# I was at a poultry swap this morning, guess what I brought home? ;p



## secuono (Oct 22, 2011)

I always do this, I just can't help myself! First time I bought several chickens, next swap I got two guinea pigs. This time, I got thee cutest little bunny evar! Oh, it was very active, eating and bouncing all over! It's brown and darker brown on the sides and bottom. Ears just starting to flop at the tips! 
I'm calling her/him Bun-buns, hehe. I believe it's a Lop x Netherland dwarf if I heard them correctly. It has half of the chicken hutch, 2ft by 4ft to romp around and I left the little dog crate in there so it can hide in the hay. 
Got em from the same lady I got my Silver Fox pair. 

How cute is this little thing, have you ever seen such an adorable ball of fluff?!


----------



## Robo Buck (Oct 22, 2011)

iT LOOKS SO CUTE! How old is it?


----------



## daisychick (Oct 22, 2011)

That is cuteness overload.   WOW!  I love it!


----------



## secuono (Oct 22, 2011)

Hm, I want to say 8 or so weeks.
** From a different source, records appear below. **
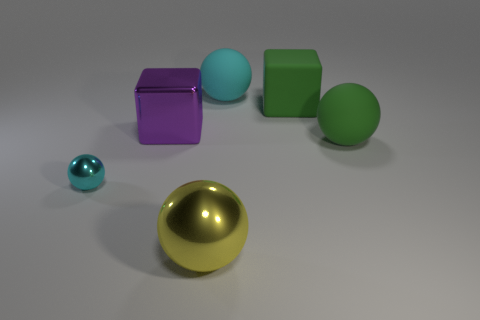Add 3 large yellow matte spheres. How many objects exist? 9 Subtract all blocks. How many objects are left? 4 Add 2 tiny cyan metal spheres. How many tiny cyan metal spheres exist? 3 Subtract 0 cyan cylinders. How many objects are left? 6 Subtract all large green matte spheres. Subtract all small yellow cubes. How many objects are left? 5 Add 4 big cyan rubber spheres. How many big cyan rubber spheres are left? 5 
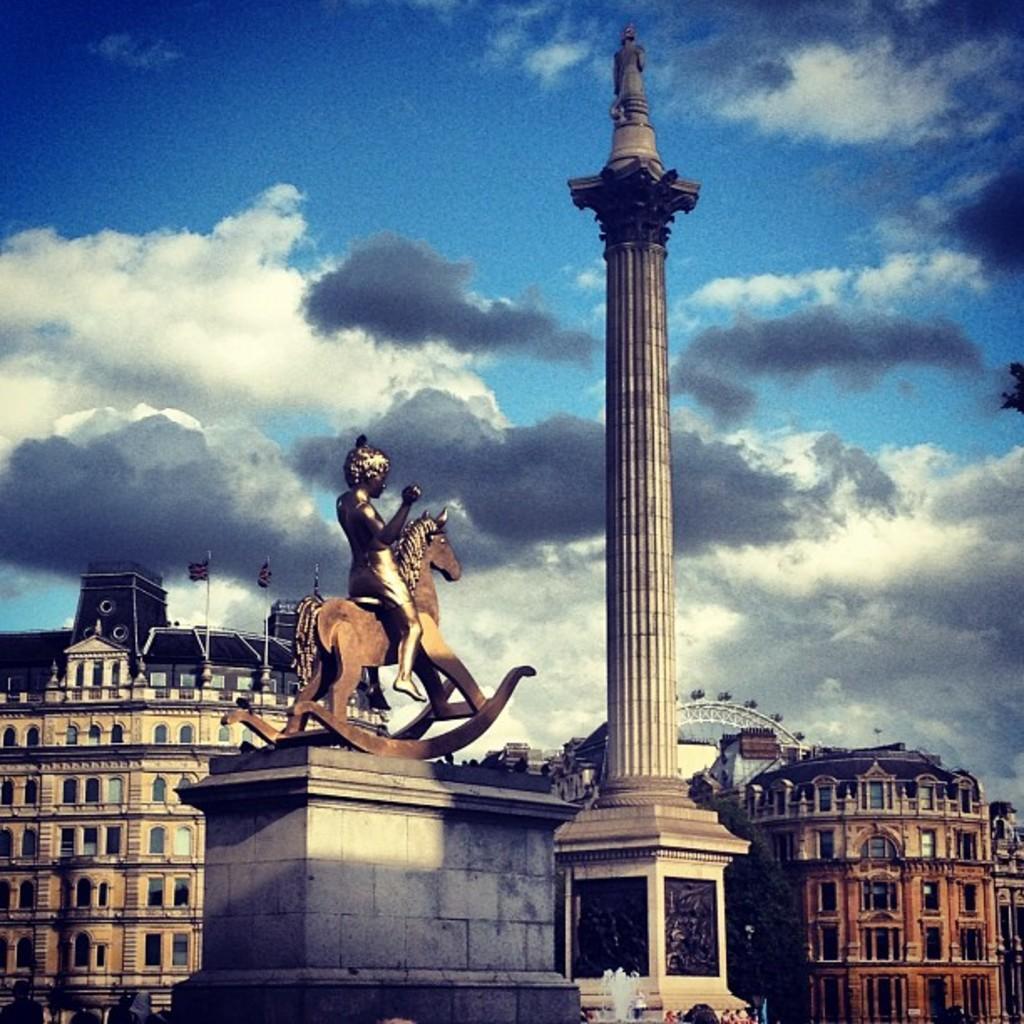Can you describe this image briefly? In this image we can see the statue, some buildings with windows, the flags, fountain, a roller coaster and the tower. On the backside we can see the sky which looks cloudy. 
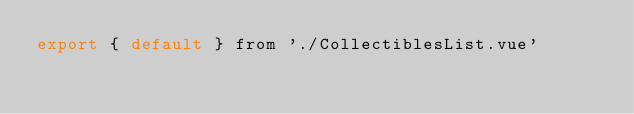<code> <loc_0><loc_0><loc_500><loc_500><_JavaScript_>export { default } from './CollectiblesList.vue'
</code>

This one was the runt of the litter, but deff the most joy for life. 
I was also able to finish the guinea pig's new home. 
It's funny how the new bun is smaller than my young guinea piggies! 
You guys think they could have a meet n greet? Deff not a necessity, since rabbits live outdoors and the piggies are inside. Never had a bunny small enough to even sniff a pig.


----------



## Ms. Research (Oct 22, 2011)

Bun-Bun is absolutely adorable!   Admit wholeheartedly, I couldn't have walked away from that cutie.  

Congratulations!  And I definitely think you should have a meet and greet with Bun-Bun and your guineas.  I even think Bun-Bun could be your first indoor rabbit sharing that excellent new digs for your Guinea Pigs.  I've read articles of how well small buns and guinea pigs get along and live very well together.  Holland Lops are on the smaller side.  Ranging no bigger than 4 lbs.  And her being the runt, I don't think she will get much bigger than your Guineas.  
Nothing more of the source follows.